The current newspaper business revenue crisis has led to some old ideas being dusted off and presented as new (Paid content! Micropayments! Preservation of print circulation!), and who knows? Maybe some of the experiments rumored and foreshadowed in Long Island and Seattle and across the Hearst Empire will net some needed dollars for the ongoing operations.
But what about advertising, which remains a huge part of any revenue strategy? Surely the banner ad isn’t the sum total of our creativity in commerce? Google couldn’t have managed to build the most perfect form of commercial speech on their first try, could they? Where is the creativity in commercials? How can local newspaper companies — with their deep ties into their communities, their newsrooms full of subject-matter experts, and their platoons of sales people — have managed to not move the needle more than a few notches in 15 years of building and selling ads online?
I was wondering this last week as found my mind drifting away from the evening clot of sheet metal and tires inching northwards toward the ‘burbs and thinking about the life of Albert Einstein. My Einstein reverie wasn’t out of the blue; it was prompted by an equal parts funny and entertaining riff by The Chicago Sun-Times’s tech columnist Andy Ihnatko, who was recommending — at length — an audio book about the atomic genius.

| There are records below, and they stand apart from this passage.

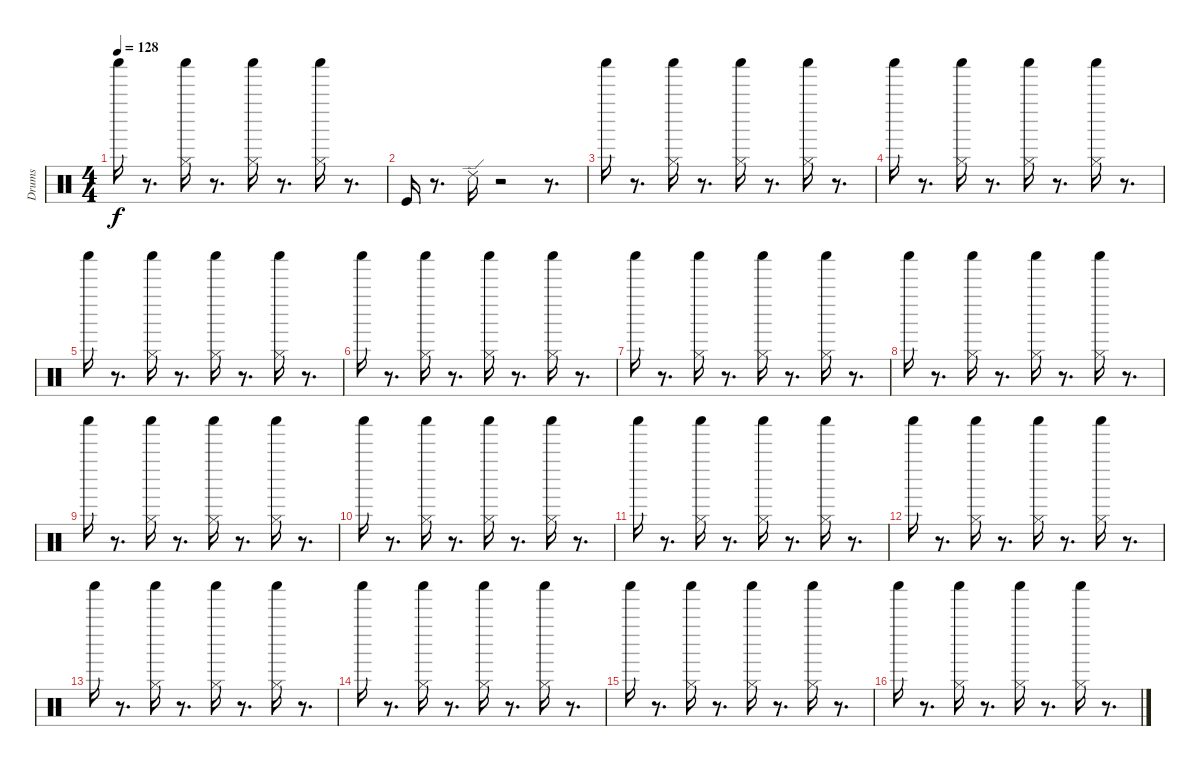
\track ("Drums  " "Drums  ") {instrument percussion}
\staff {score}
\articulation defaults
\ts (4 4)
\tempo 128
\clef neutral
\ks c "Shaker (hit)".16{dy f}
r.8{d} ("Shaker (hit)" "Hi-Hat (closed)").16 r.8{d} ("Shaker (hit)" "Hi-Hat (closed)").16 r.8{d} ("Shaker (hit)" "Hi-Hat (closed)").16 r.8{d} |
"Kick (hit)".16 r.8{d} "Ride (edge) 2".16 r.2 r.8{d} |
"Shaker (hit)".16 r.8{d} ("Shaker (hit)" "Hi-Hat (closed)").16 r.8{d} ("Shaker (hit)" "Hi-Hat (closed)").16 r.8{d} ("Shaker (hit)" "Hi-Hat (closed)").16 r.8{d} |
"Shaker (hit)".16 r.8{d} ("Shaker (hit)" "Hi-Hat (closed)").16 r.8{d} ("Shaker (hit)" "Hi-Hat (closed)").16 r.8{d} ("Shaker (hit)" "Hi-Hat (closed)").16 r.8{d} |
"Shaker (hit)".16 r.8{d} ("Shaker (hit)" "Hi-Hat (closed)").16 r.8{d} ("Shaker (hit)" "Hi-Hat (closed)").16 r.8{d} ("Shaker (hit)" "Hi-Hat (closed)").16 r.8{d} |
"Shaker (hit)".16 r.8{d} ("Shaker (hit)" "Hi-Hat (closed)").16 r.8{d} ("Shaker (hit)" "Hi-Hat (closed)").16 r.8{d} ("Shaker (hit)" "Hi-Hat (closed)").16 r.8{d} |
"Shaker (hit)".16 r.8{d} ("Shaker (hit)" "Hi-Hat (closed)").16 r.8{d} ("Shaker (hit)" "Hi-Hat (closed)").16 r.8{d} ("Shaker (hit)" "Hi-Hat (closed)").16 r.8{d} |
"Shaker (hit)".16 r.8{d} ("Shaker (hit)" "Hi-Hat (closed)").16 r.8{d} ("Shaker (hit)" "Hi-Hat (closed)").16 r.8{d} ("Shaker (hit)" "Hi-Hat (closed)").16 r.8{d} |
"Shaker (hit)".16 r.8{d} ("Shaker (hit)" "Hi-Hat (closed)").16 r.8{d} ("Shaker (hit)" "Hi-Hat (closed)").16 r.8{d} ("Shaker (hit)" "Hi-Hat (closed)").16 r.8{d} |
"Shaker (hit)".16 r.8{d} ("Shaker (hit)" "Hi-Hat (closed)").16 r.8{d} ("Shaker (hit)" "Hi-Hat (closed)").16 r.8{d} ("Shaker (hit)" "Hi-Hat (closed)").16 r.8{d} |
"Shaker (hit)".16 r.8{d} ("Shaker (hit)" "Hi-Hat (closed)").16 r.8{d} ("Shaker (hit)" "Hi-Hat (closed)").16 r.8{d} ("Shaker (hit)" "Hi-Hat (closed)").16 r.8{d} |
"Shaker (hit)".16 r.8{d} ("Shaker (hit)" "Hi-Hat (closed)").16 r.8{d} ("Shaker (hit)" "Hi-Hat (closed)").16 r.8{d} ("Shaker (hit)" "Hi-Hat (closed)").16 r.8{d} |
"Shaker (hit)".16 r.8{d} ("Shaker (hit)" "Hi-Hat (closed)").16 r.8{d} ("Shaker (hit)" "Hi-Hat (closed)").16 r.8{d} ("Shaker (hit)" "Hi-Hat (closed)").16 r.8{d} |
"Shaker (hit)".16 r.8{d} ("Shaker (hit)" "Hi-Hat (closed)").16 r.8{d} ("Shaker (hit)" "Hi-Hat (closed)").16 r.8{d} ("Shaker (hit)" "Hi-Hat (closed)").16 r.8{d} |
"Shaker (hit)".16 r.8{d} ("Shaker (hit)" "Hi-Hat (closed)").16 r.8{d} ("Shaker (hit)" "Hi-Hat (closed)").16 r.8{d} ("Shaker (hit)" "Hi-Hat (closed)").16 r.8{d} |
"Shaker (hit)".16 r.8{d} ("Shaker (hit)" "Hi-Hat (closed)").16 r.8{d} ("Shaker (hit)" "Hi-Hat (closed)").16 r.8{d} ("Shaker (hit)" "Hi-Hat (closed)").16 r.8{d}
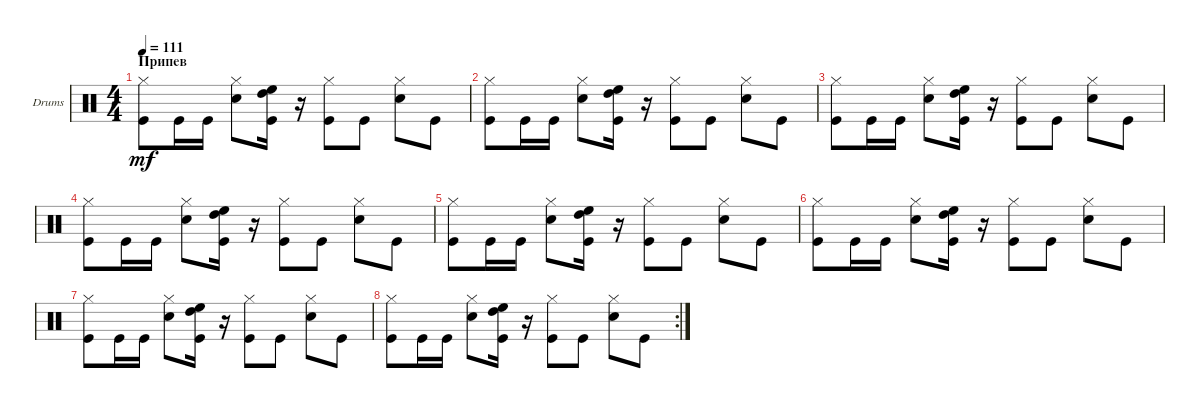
\defaultSystemsLayout 4
\bracketExtendMode groupsimilarinstruments
\firstSystemTrackNameOrientation horizontal
\otherSystemsTrackNameOrientation horizontal
\track ("Drumkit" "Drums") {instrument percussion}
\staff {score}
\articulation defaults
\ts (4 4)
\section ("" "Припев")
\tempo 111
\clef neutral
\ks c
("Kick (hit)" "Hi-Hat (closed)").8{dy mf} "Kick (hit)".16 "Kick (hit)".16 ("Snare (hit) 2" "Hi-Hat (closed)").8 ("Kick (hit)" "High Tom (hit)" "High Floor Tom (hit)").16 r.16 ("Kick (hit)" "Hi-Hat (closed)").8 "Kick (hit)".8 ("Hi-Hat (closed)" "Snare (hit) 2").8 "Kick (hit)".8 |
("Kick (hit)" "Hi-Hat (closed)").8 "Kick (hit)".16 "Kick (hit)".16 ("Snare (hit) 2" "Hi-Hat (closed)").8 ("Kick (hit)" "High Tom (hit)" "High Floor Tom (hit)").16 r.16 ("Kick (hit)" "Hi-Hat (closed)").8 "Kick (hit)".8 ("Hi-Hat (closed)" "Snare (hit) 2").8 "Kick (hit)".8 |
("Kick (hit)" "Hi-Hat (closed)").8 "Kick (hit)".16 "Kick (hit)".16 ("Snare (hit) 2" "Hi-Hat (closed)").8 ("Kick (hit)" "High Tom (hit)" "High Floor Tom (hit)").16 r.16 ("Kick (hit)" "Hi-Hat (closed)").8 "Kick (hit)".8 ("Hi-Hat (closed)" "Snare (hit) 2").8 "Kick (hit)".8 |
("Kick (hit)" "Hi-Hat (closed)").8 "Kick (hit)".16 "Kick (hit)".16 ("Snare (hit) 2" "Hi-Hat (closed)").8 ("Kick (hit)" "High Tom (hit)" "High Floor Tom (hit)").16 r.16 ("Kick (hit)" "Hi-Hat (closed)").8 "Kick (hit)".8 ("Hi-Hat (closed)" "Snare (hit) 2").8 "Kick (hit)".8 |
("Kick (hit)" "Hi-Hat (closed)").8 "Kick (hit)".16 "Kick (hit)".16 ("Snare (hit) 2" "Hi-Hat (closed)").8 ("Kick (hit)" "High Tom (hit)" "High Floor Tom (hit)").16 r.16 ("Kick (hit)" "Hi-Hat (closed)").8 "Kick (hit)".8 ("Hi-Hat (closed)" "Snare (hit) 2").8 "Kick (hit)".8 |
("Kick (hit)" "Hi-Hat (closed)").8 "Kick (hit)".16 "Kick (hit)".16 ("Snare (hit) 2" "Hi-Hat (closed)").8 ("Kick (hit)" "High Tom (hit)" "High Floor Tom (hit)").16 r.16 ("Kick (hit)" "Hi-Hat (closed)").8 "Kick (hit)".8 ("Hi-Hat (closed)" "Snare (hit) 2").8 "Kick (hit)".8 |
("Kick (hit)" "Hi-Hat (closed)").8 "Kick (hit)".16 "Kick (hit)".16 ("Snare (hit) 2" "Hi-Hat (closed)").8 ("Kick (hit)" "High Tom (hit)" "High Floor Tom (hit)").16 r.16 ("Kick (hit)" "Hi-Hat (closed)").8 "Kick (hit)".8 ("Hi-Hat (closed)" "Snare (hit) 2").8 "Kick (hit)".8 |
\rc 2
("Kick (hit)" "Hi-Hat (closed)").8 "Kick (hit)".16 "Kick (hit)".16 ("Snare (hit) 2" "Hi-Hat (closed)").8 ("Kick (hit)" "High Tom (hit)" "High Floor Tom (hit)").16 r.16 ("Kick (hit)" "Hi-Hat (closed)").8 "Kick (hit)".8 ("Hi-Hat (closed)" "Snare (hit) 2").8 "Kick (hit)".8
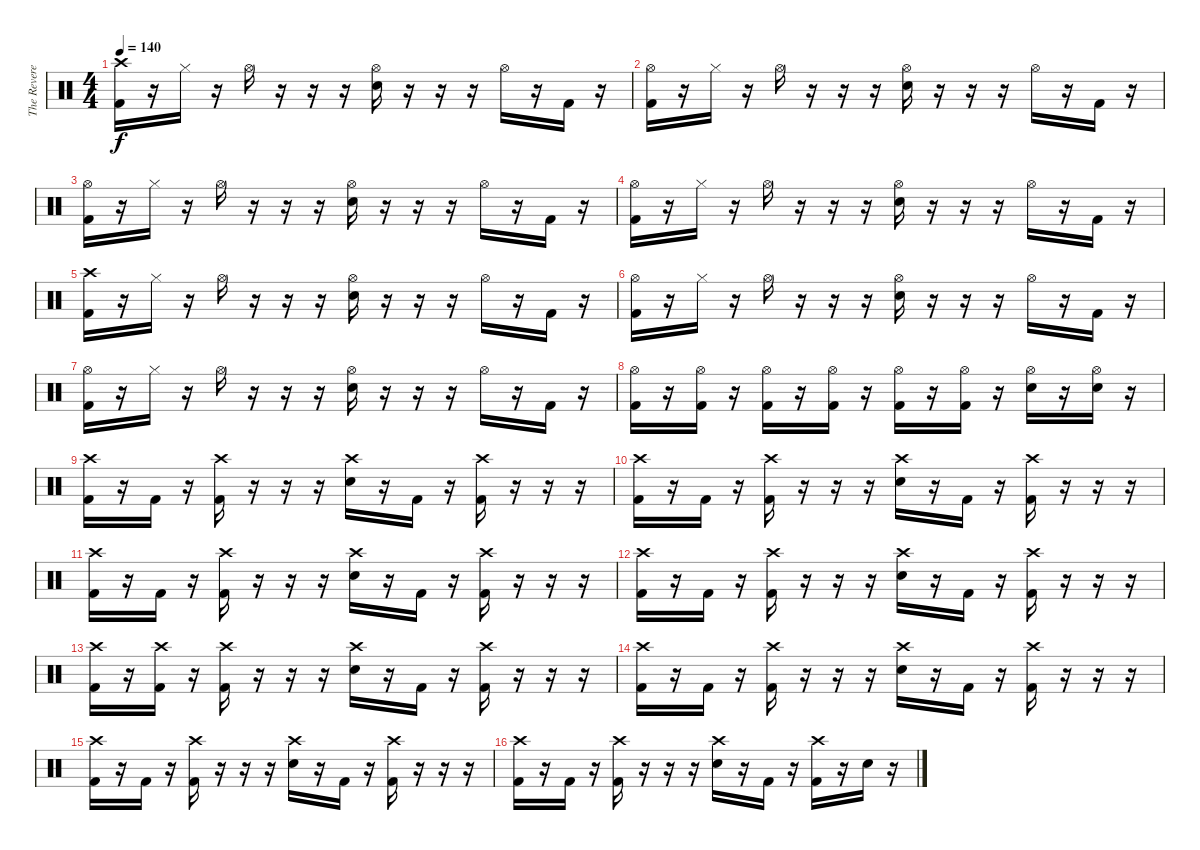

And here’s the point: it was an ad. It’s part of a weekly feature on the popular podcasts from Leo Laporte’s TWiT network in which journalist panelists on the showstep ever-so-slightly out of their traditional roles to talk about a book that they love that happens to be available for download as part of an Audible.com subscription.
Listen below as Ihnatko and Laporte talk about Einstein: His Life and Universe, by Walter Isaacson.
Forget TiVo-proof 30-second spots, that’s a 12-minute ad! Or, to be more precise, it’s 10 minutes of interesting and entertaining content that happens to also be the largest part of an ad.
“I love talking about books,” Ihnatko explained in email. “And I love talking about what I’ve been reading. I don’t feel like we’re doing an ad and ‘selling a book’ is the very furthest thing on my mind; I’d be just as happy if they bought the hardcover or the Kindle edition. I’m just here to talk about a cool book for about five minutes.”
And they work. So much so that Audible (owned by Amazon.com), recently re-upped its campaign with TWiT. Dane Golden, TWiT’s president, isn’t sharing specific numbers, but he told me via Skype that the advertiser has been extremely pleased with the results generated by the long-form ads. “People don’t realize what a loyal audience we have,” Golden said. “We were just at Macworld recently and did a live show and asked for a show of hands of how many people subscribed to Audible and I would say about 75% of the audience rasied their hands.”
How many newspapers can say that they’ve helped their local or national advertisers build such a dedicated fan base for an advertiser?
In newspapers, traditionally, we respect The Wall Between Church and State. As we should. But I love how the Audible ads acknowledge the wall by explicitly pointing out that the show is now veering into commercial territory, but that acknowledgement does not cause the journalists in the room to roll up like pill-bugs and refuse to participate. In fact, it’s their journalistic skills which make the ads better.
And it’s that wall, in fact, that gives journalists like Ihnatko the ability to participate in sponsored content without feeling like he’s crossing the line — or even getting close to it. “The fact that it’s someone else entirely approaching the sponsor and making that relationship gives me extra insulation, but on the whole, I don’t see a problem with it,” wrote Ihnatko.
But what if, I wondered, Andy was a book critic, instead of a tech reporter? Would that make the line too close for comfort?
“If I’d built my reputation as a book critic,” Ihnatko continued, “I’d still have no problem with the Audible content; neither would I have a problem (in this scenario) if Barnes & Noble were the sponsor. I’m still recommending books, y’see. Even if Random House were the sponsor, it wouldn’t _necessarily_ be a dealbreaker. Remember that Siskel & Ebert were syndicated by a Disney company, and no movie show had as much integrity and credibility. It can be done, so long as the ads are what pay for the content and not the content itself.”
Ultimately, the success of long-form advertising comes down to the content: Can you engage and entertain the audience long enough to sell that book, that car, those kitchen knives or that Snuggie? The experience of TWiT is just one possible path, but what other opportunities does is suggest for local markets trying to build new and effective ad vehicles online to keep the core business going? Here are a few:
The point isn’t what products to launch. The point it to stop thinking of advertisements as necessary annoyances, and start thinking of ways that advertising and good, relevant content (not advertorial, which dies at the first twitching of the visitor’s BS meter) can live together in ways that benefit both the consumer and the advertiser. Then you’ve got something that can’t be bid down in the cutthroat CPM marketplace.
TWiT’s Golden again: “Audible isn’t just a service to Leo. It’s education, it’s information, it’s entertainment and it can be woven into almost any conversation because there is a book on there for everyone.”
Which begs the questions: Are there any advertisers in your local market that might have some products that your audience could connect with passionately? Do you think you can make money introducing them to each other? Can you do it and keep your journalistic credibility?